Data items
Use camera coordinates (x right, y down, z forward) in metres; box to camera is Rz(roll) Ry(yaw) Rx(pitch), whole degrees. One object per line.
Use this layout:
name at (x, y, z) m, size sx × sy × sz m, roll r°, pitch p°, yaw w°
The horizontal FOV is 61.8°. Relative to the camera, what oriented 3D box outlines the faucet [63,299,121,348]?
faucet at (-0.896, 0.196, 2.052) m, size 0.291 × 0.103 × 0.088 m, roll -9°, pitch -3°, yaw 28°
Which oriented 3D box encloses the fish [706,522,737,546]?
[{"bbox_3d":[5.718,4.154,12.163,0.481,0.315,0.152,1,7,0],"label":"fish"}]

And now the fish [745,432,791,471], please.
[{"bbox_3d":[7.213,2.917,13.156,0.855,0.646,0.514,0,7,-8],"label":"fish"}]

AIM OF THE TASK
All of the data above needs to be written out exactly.

PROBLEM SOLUTION
Use camera coordinates (x right, y down, z forward) in metres; box to camera is Rz(roll) Ry(yaw) Rx(pitch), whole degrees. One object per line.
Use this layout:
name at (x, y, z) m, size sx × sy × sz m, roll r°, pitch p°, yaw w°
The horizontal FOV is 61.8°. Relative to the camera, what oriented 3D box outlines the faucet [63,299,121,348]?
faucet at (-0.896, 0.196, 2.052) m, size 0.291 × 0.103 × 0.088 m, roll -9°, pitch -3°, yaw 28°
Which oriented 3D box encloses the fish [706,522,737,546]?
[{"bbox_3d":[5.718,4.154,12.163,0.481,0.315,0.152,1,7,0],"label":"fish"}]

And now the fish [745,432,791,471], please.
[{"bbox_3d":[7.213,2.917,13.156,0.855,0.646,0.514,0,7,-8],"label":"fish"}]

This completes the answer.